━━ SUPPLIED DATA ━━
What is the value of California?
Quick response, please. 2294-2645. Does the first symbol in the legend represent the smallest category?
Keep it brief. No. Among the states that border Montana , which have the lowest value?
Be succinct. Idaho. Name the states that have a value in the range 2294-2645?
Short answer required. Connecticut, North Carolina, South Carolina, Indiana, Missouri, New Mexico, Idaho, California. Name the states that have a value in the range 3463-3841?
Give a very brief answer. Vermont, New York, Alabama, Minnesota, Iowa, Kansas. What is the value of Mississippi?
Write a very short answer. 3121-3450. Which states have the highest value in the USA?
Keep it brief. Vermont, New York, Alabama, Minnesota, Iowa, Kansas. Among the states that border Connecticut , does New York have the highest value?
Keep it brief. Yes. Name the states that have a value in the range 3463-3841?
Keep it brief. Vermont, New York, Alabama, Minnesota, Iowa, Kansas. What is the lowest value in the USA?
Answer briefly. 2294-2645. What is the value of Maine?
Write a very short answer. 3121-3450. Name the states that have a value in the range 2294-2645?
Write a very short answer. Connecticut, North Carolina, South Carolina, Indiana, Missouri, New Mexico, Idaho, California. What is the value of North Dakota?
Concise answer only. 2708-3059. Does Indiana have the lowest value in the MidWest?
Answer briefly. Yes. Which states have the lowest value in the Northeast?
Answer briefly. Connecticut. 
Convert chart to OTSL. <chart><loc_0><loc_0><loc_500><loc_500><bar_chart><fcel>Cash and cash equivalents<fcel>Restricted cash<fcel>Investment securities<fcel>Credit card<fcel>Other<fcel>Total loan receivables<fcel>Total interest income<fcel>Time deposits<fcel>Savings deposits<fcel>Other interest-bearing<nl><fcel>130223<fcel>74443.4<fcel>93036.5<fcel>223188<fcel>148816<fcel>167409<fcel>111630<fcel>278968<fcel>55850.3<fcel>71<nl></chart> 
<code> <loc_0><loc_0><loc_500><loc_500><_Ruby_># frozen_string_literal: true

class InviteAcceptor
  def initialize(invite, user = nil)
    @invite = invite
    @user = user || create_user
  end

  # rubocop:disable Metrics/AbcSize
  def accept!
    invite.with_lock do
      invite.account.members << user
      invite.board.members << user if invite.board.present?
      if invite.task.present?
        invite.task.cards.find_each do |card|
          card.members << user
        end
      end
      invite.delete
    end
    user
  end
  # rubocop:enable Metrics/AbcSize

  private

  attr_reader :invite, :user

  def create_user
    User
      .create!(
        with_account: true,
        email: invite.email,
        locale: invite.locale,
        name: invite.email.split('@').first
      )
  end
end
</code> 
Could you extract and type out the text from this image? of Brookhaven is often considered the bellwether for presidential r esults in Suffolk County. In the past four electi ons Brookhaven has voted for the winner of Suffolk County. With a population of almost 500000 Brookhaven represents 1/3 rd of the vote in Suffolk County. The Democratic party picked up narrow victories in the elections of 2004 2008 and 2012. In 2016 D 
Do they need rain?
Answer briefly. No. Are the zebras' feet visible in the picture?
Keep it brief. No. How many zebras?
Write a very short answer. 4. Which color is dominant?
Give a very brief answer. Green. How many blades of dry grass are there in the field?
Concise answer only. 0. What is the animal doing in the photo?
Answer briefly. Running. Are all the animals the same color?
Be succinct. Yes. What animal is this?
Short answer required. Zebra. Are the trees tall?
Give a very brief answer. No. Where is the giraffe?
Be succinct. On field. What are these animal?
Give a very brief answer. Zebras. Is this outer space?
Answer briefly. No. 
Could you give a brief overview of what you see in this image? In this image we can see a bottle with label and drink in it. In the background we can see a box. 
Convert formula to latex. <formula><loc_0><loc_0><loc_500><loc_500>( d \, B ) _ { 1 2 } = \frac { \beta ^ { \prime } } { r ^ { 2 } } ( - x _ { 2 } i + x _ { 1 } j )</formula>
━━━
GOAL OF THE EXERCISE: The lines to copy are those in the listing that contain "briefly".

ANSWER TO THE PROBLEM:
Answer briefly. 2294-2645. What is the value of Maine?
Answer briefly. Yes. Which states have the lowest value in the Northeast?
Answer briefly. Connecticut. 
Answer briefly. No. Are the zebras' feet visible in the picture?
Answer briefly. Running. Are all the animals the same color?
Answer briefly. No. 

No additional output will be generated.